Deep Rhubarb , Black Raspberry jam, and murky sous bois on the nose. The palate is voluptuous, never jammy, nice acidity to lift and really fill your mouth. The inner mouth energy is terrific.As it develops in the glass, black cherry and cola come fore. Excellent entry level wine. Jamie Kutch manages to pack a lot of detail onto his labels ( rear) without being obtrusive.
Bravo.
Note: switching from a general large @Riedel to a Barolo @Glasvin glass meant a world of difference. — 3 months ago

Daniel Bloom
2nd blind chance on older Icardi’s from @chambersstwines. Both ridiculously good. First was a 2000 Barolo Parej that with 3 hrs out or so was one of the very best, tarriest Baroli I’ve had.

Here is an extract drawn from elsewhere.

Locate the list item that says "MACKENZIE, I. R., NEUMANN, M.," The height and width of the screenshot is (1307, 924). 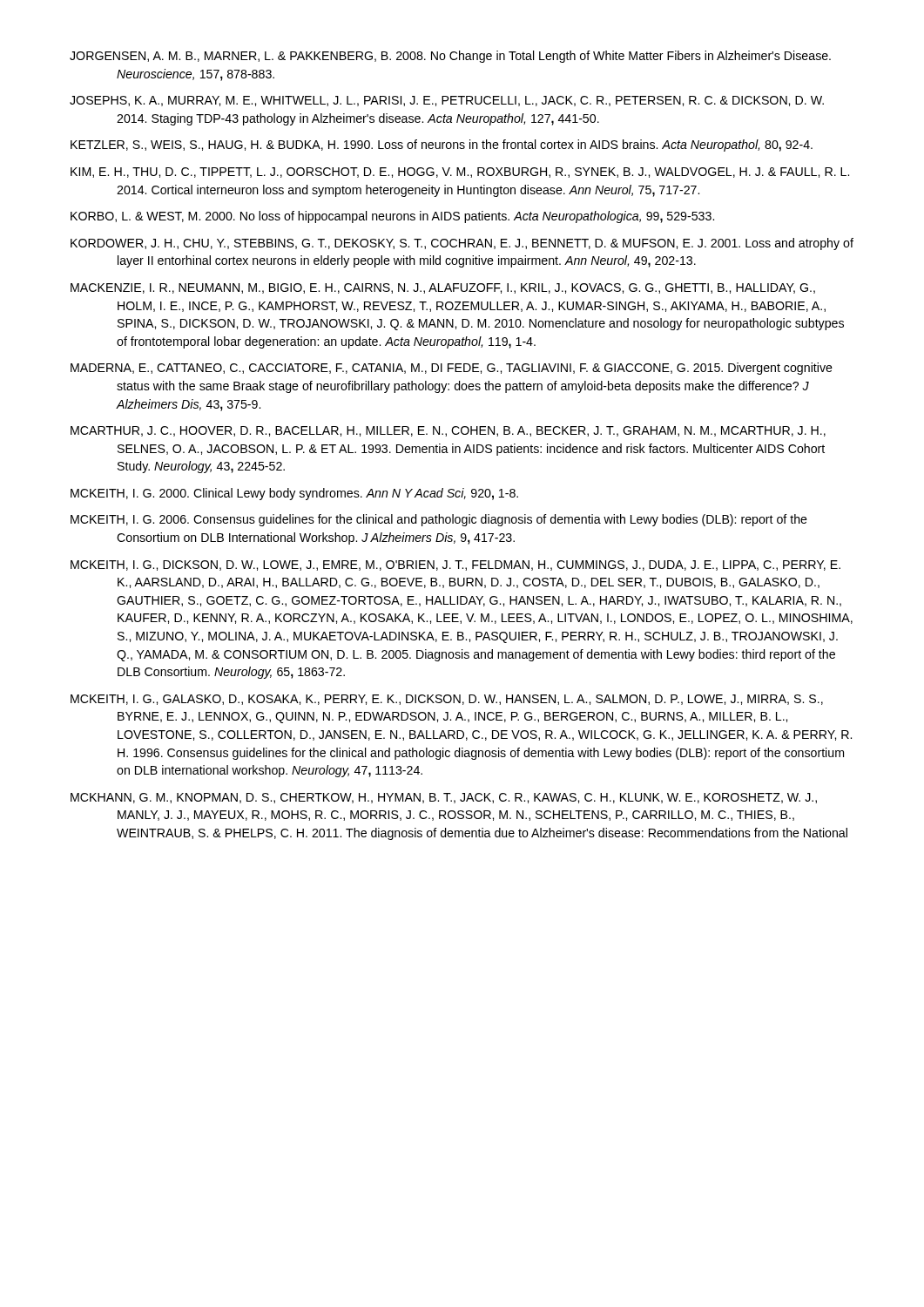coord(457,314)

This Pinot Nero Nej( Piedmontese dialect for black), 2007, had a cork soaked 3/4 of the way through, but poured for a taste like a much younger, though adult beastie. Black, w dark red rimming,tannic, and savory. 2 hours or so in a decanter brought out lots of woodsy qualities, bark, dense dark berries, refreshing lift, and nice mouthfeel. Not viscous, but corner seeking, full.
Later, I put the decanter on an ice bath for a while to serve with Triglie alla Livornese ( Red Mullet braised in a spicy tomato sauce) Those Italian’s know something about pairings alright. Perfect.
Of course @winesearcher.com etc. show none available in the U.S.